Yes, we continue to work on loop-interchange optimization. (The techniques are well-known - see the 1994 paper on McKinley's web page at: www.cs.utexas.edu/.../papers.html )
(But your Stackoverflow link discusses branch prediction - equally interesting, but different from loop permutation/fusion/distribution)
@Danny - sorry - I now see that your link does indeed mention loop-swap by Intel's compiler.
Glad to hear you're continuing to invest in vectorization - I care deeply about it. However, please note that on real life projects - vectorization still catches on a tiny percent of potential loops, and its impact on real life performance is negligible.
Reduction seems to work for sum, but not min/max. memcpy/memset are still not invoked where they should be (according to the documentation). There are still weird dependencies on inlining decisions that make vectorization decisions seem utterly random (this one is a big deal!). Even on stl - you list transform1 as an example that works, but take a much more mundane example: just instantiate an std::vector, and you get vectorization failure on the single potentially vectorizable loop:
for (; 0 < _Count; --_Count, ++_Dest)
*_Dest = _Val;
(in a _Fill_n() overload, under <xutility> ).
etc. etc. etc. It seems vectorization is still applicable mostly to c-style loops, with very simple computations. It doesn't help much with data initialization or copying, and is having a hard time seeing through c++ facilities (even as simple as members, when acting as loop boundaries).
I hope to see vectorization continue to grow in upcoming releases - the potential benefits are huge.

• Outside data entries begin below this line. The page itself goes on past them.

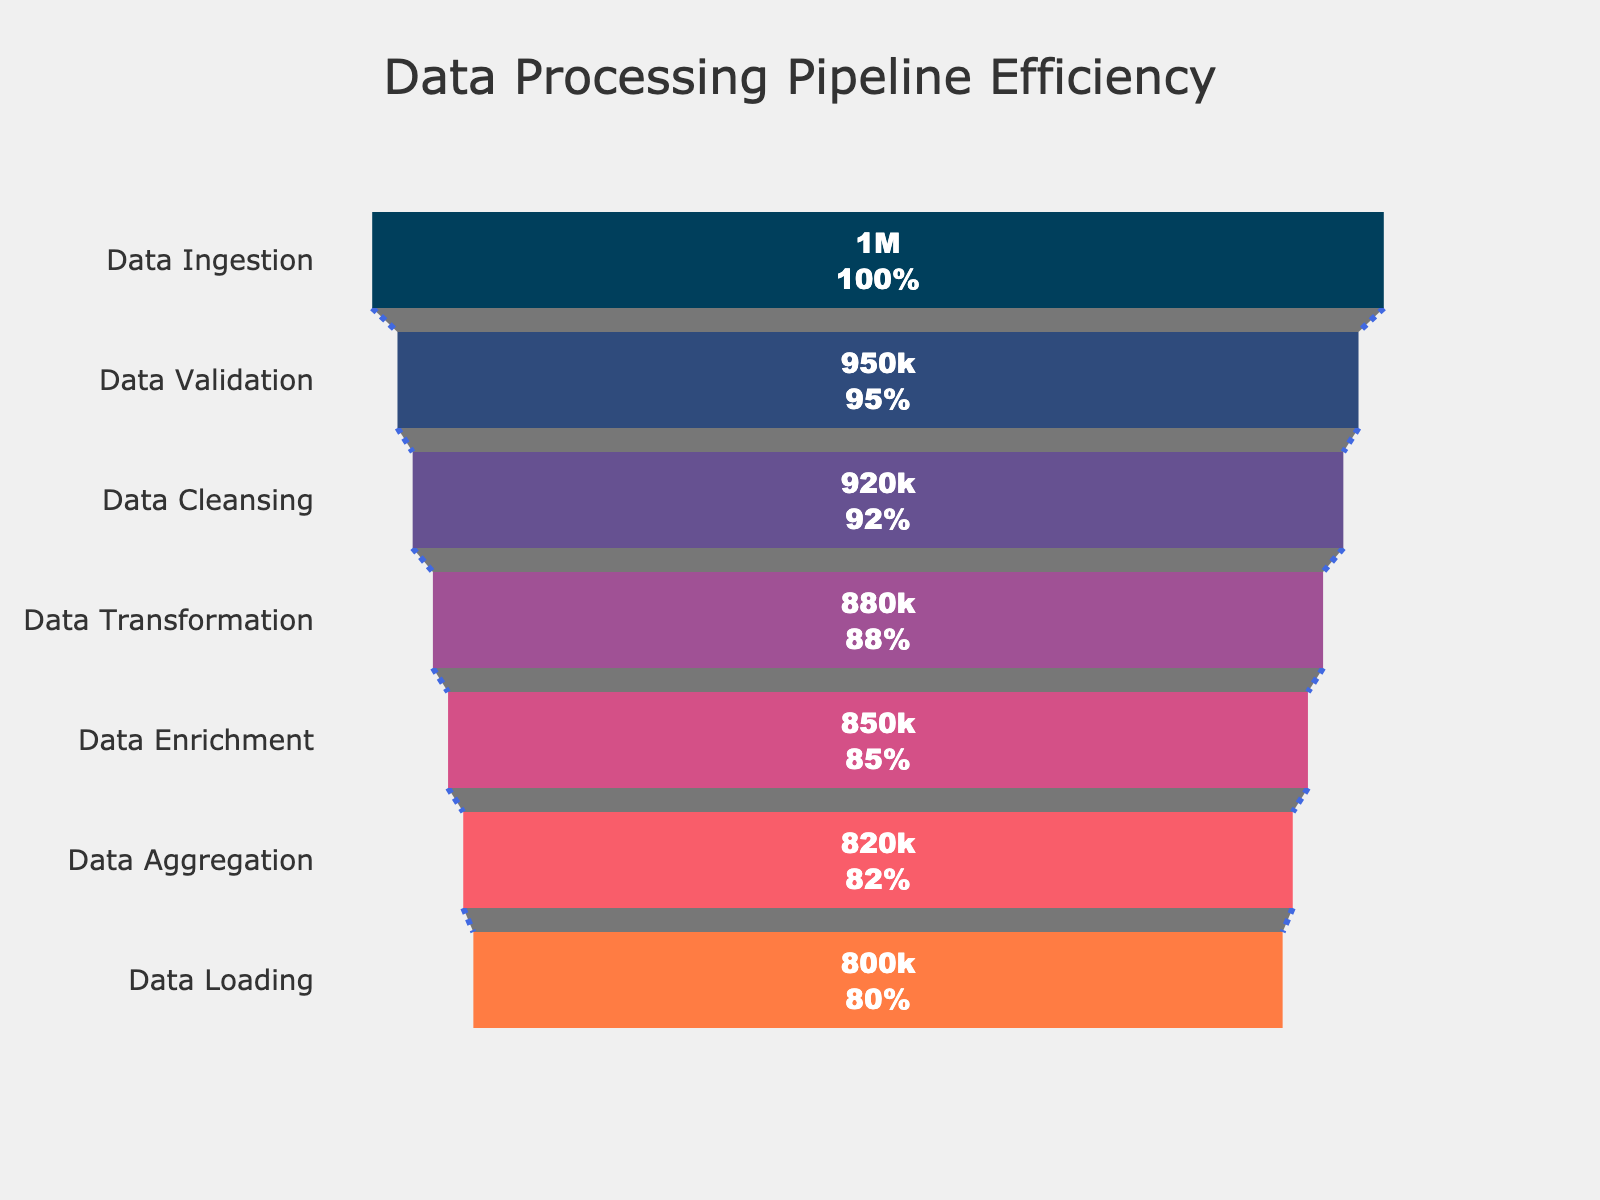what is the title of the Funnel Chart? The title of the chart is displayed at the top center of the figure.
Answer: "Data Processing Pipeline Efficiency" Which step processes the highest number of records? Look at the step with the largest bar at the top of the funnel chart.
Answer: Data Ingestion What percentage of records are successfully loaded compared to the number of records ingested? Find the percentage value associated with the Data Loading step relative to Data Ingestion.
Answer: 80% Calculate the difference in the number of records processed between Data Validation and Data Transformation steps. Subtract the number of records processed in Data Transformation from the number of records processed in Data Validation. 950,000 - 880,000 = 70,000
Answer: 70,000 Which step sees the largest drop in records processed, and what is the value of that drop? Identify the two steps with the largest difference in records processed by comparing adjacent values, then calculate the difference. The largest drop is between Data Validation (950,000) and Data Cleansing (920,000), which is 950,000 - 920,000 = 30,000
Answer: Data Validation to Data Cleansing, 30,000 Compare the percentage drop from Data Ingestion to Data Aggregation. Calculate the difference in percentage from Data Ingestion (100%) to Data Aggregation (82%). 100% - 82% = 18%
Answer: 18% How does the proportion of records processed change from Data Transformation to Data Enrichment? Look at the percentage values for Data Transformation (88%) and Data Enrichment (85%), then calculate the difference. 88% - 85% = 3%
Answer: 3% What is the average percentage of records processed across all steps? Sum all percentages and divide by the number of steps. (100% + 95% + 92% + 88% + 85% + 82% + 80%) / 7 ≈ 88.86%
Answer: ~88.86% If you need to improve a step, which one would you prioritize based on the drop in records processed, and why? Prioritize the step with the largest observed drop. The largest drop is from Data Validation to Data Cleansing (30,000 records).
Answer: Data Cleansing Identify the color of the bar representing the Data Transformation step. Examine the color scheme associated with the funnel chart specifically for the Data Transformation step.
Answer: Purple 
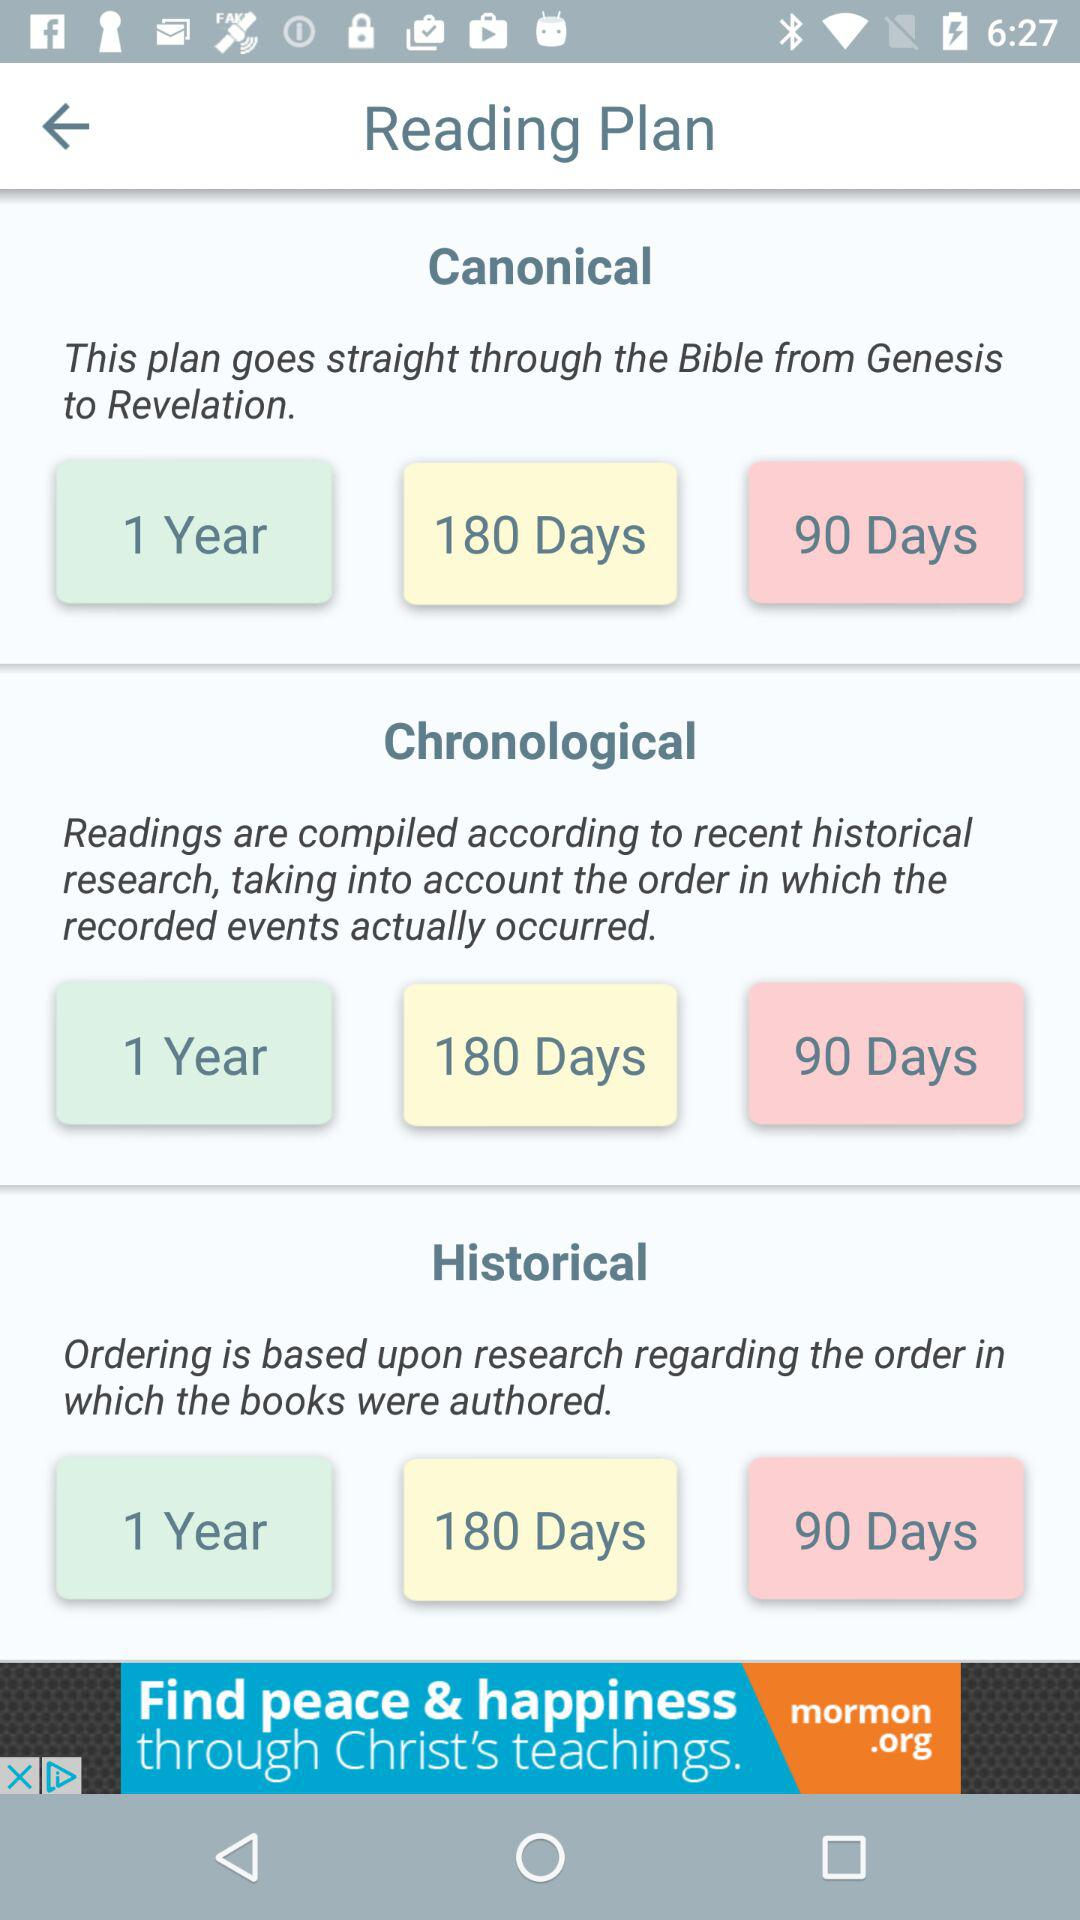How many reading plans are there?
Answer the question using a single word or phrase. 3

Thanks for all the hard work!
The /Gl option ("Whole program optimization") has become terribly slow compared to Vs2012 :-(
What took 5 minutes now takes 1 hour! (to produce an EXE of about 14 MB). Same thing in 32 and 64 bits.
Anyone experiments this?
I have many different versions of this programs on my desktop, It seems to accumulate quite a bit on my system, I believe its a trait of a custom gaming computer, which I built myself, right down to loading the operating system, downloading the drivers, and filling it with well established gaming corporations, like Riot, Steam, and Microsoft games, so I just wanna know if I need all these versions on Windows 7 Ultimate 64bit for my games to work, or can I download the latest version, and safely remove the previous without the possibility of losing access to any of my games.
One thing I'm missing, does whole program optimization works between DLL boundaries, seems very dangerous if it does, if it doesn't and my program is structured with many DLL modules I gain no performance but only longer build times.